__What the task asks__:
Each line from the first line of the entries through the line holding "What is the title" is to be restated word for word; nothing else, and no picture, belongs in the answer.
#### Input ####
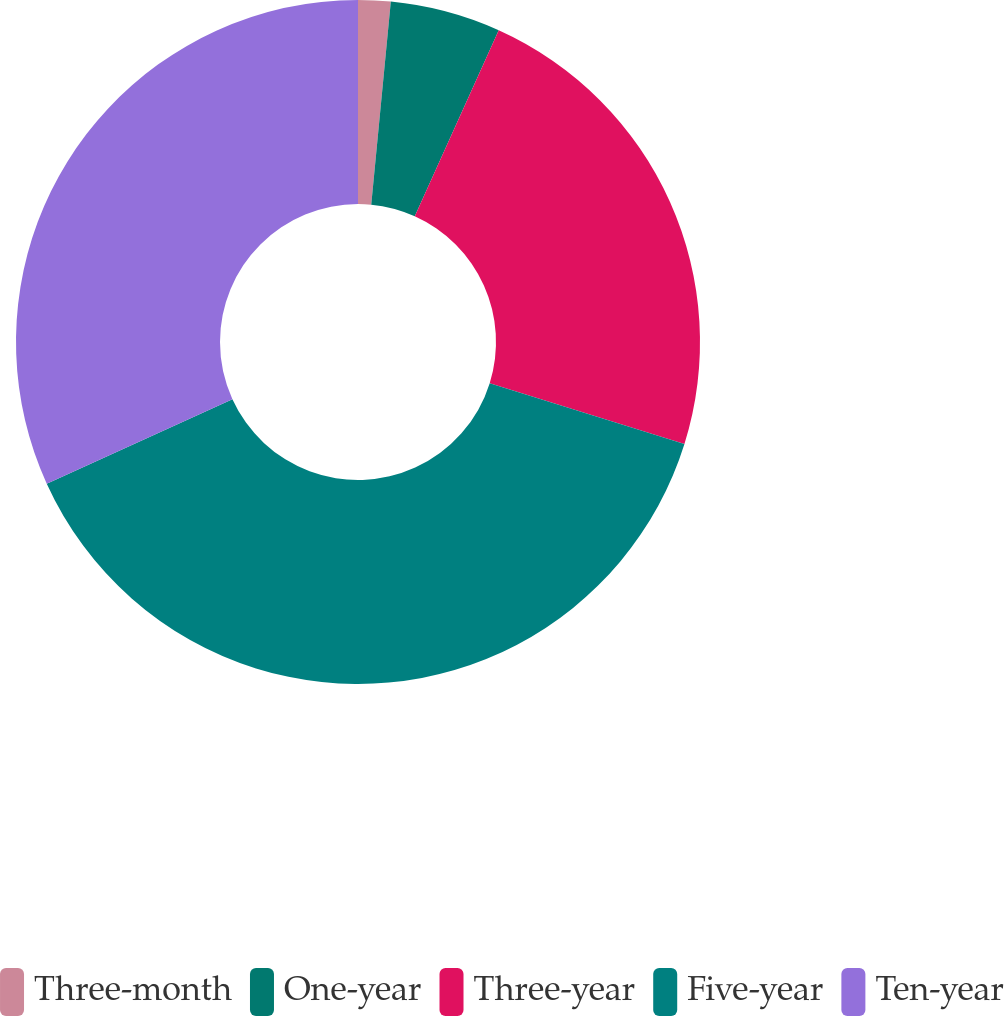Convert chart. <chart><loc_0><loc_0><loc_500><loc_500><pie_chart><fcel>Three-month<fcel>One-year<fcel>Three-year<fcel>Five-year<fcel>Ten-year<nl><fcel>1.53%<fcel>5.22%<fcel>23.07%<fcel>38.38%<fcel>31.8%<nl></chart> 
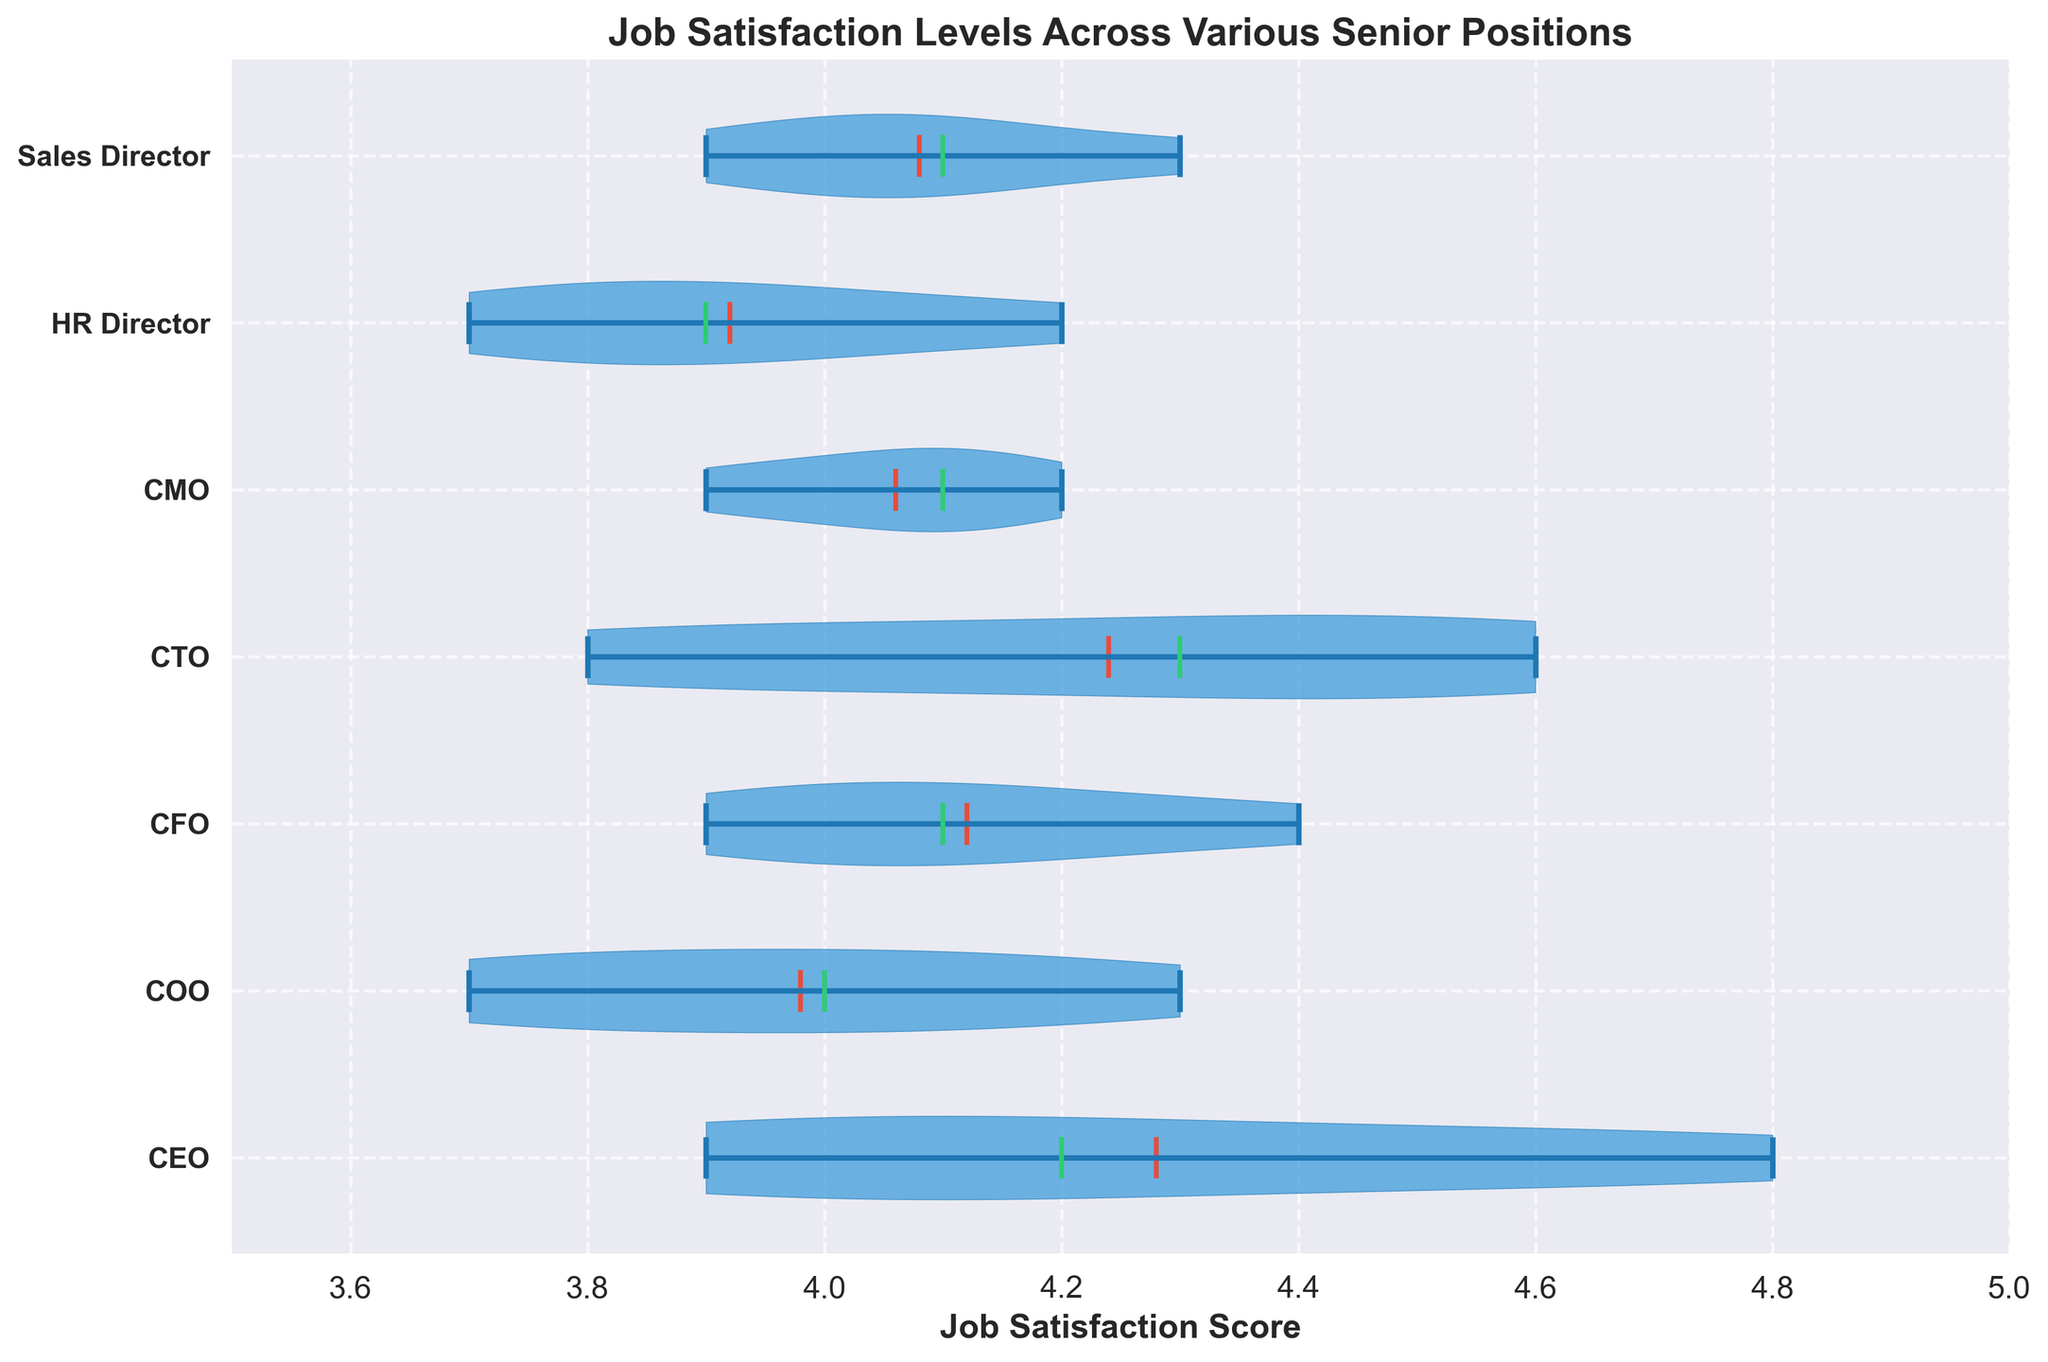What is the title of the figure? The title of the figure is written at the top of the plot.
Answer: Job Satisfaction Levels Across Various Senior Positions Which senior position has the broadest distribution of job satisfaction? The broadest distribution will show the widest spread or the most extended 'violin' shape.
Answer: HR Director What is the median job satisfaction score for the CTO position? The median score is represented by the green line within the violin plot for CTO.
Answer: 4.3 How does the mean job satisfaction score for the CEO compare to the mean for the COO? The mean job satisfaction score is indicated by the red line within each violin plot. Comparing their positions will determine which is higher or lower.
Answer: The mean for CEO is higher than COO Which position has the highest mean job satisfaction score? The highest mean score is indicated by the position of the red line within the violin plots among all positions.
Answer: CTO Is the job satisfaction variance higher for the CMO or the Sales Director? Variance is illustrated by the spread of the violin plot, with a wider spread indicating higher variance. By comparing the spreads, we can determine which is greater.
Answer: Sales Director What is the minimum job satisfaction score for the HR Director position? The minimum score is observed at the lowest point of the violin plot for the HR Director position.
Answer: 3.7 Compare the middle 50% range (interquartile range) of job satisfaction scores between the CFO and CTO positions. The IQR is the range between the first and third quartiles, represented by the spread within the central part of the violin plot (excluding the tails). Observing their relative span will indicate which is wider or narrower.
Answer: CTO has a wider IQR than CFO Which senior position has the smallest range of job satisfaction scores? The smallest range will show the least spread between the minimum and maximum within the violin plot.
Answer: COO What's the highest recorded job satisfaction score across all senior positions? By examining the violin plots, identify the highest point reached within any individual plot.
Answer: 4.8
####
__Solution__:
Convert chart. <chart><loc_0><loc_0><loc_500><loc_500><pie_chart><fcel>Three-month<fcel>One-year<fcel>Three-year<fcel>Five-year<fcel>Ten-year<nl><fcel>1.53%<fcel>5.22%<fcel>23.07%<fcel>38.38%<fcel>31.8%<nl></chart> 
What is the title of the figure? The title of the figure is written at the top of the plot.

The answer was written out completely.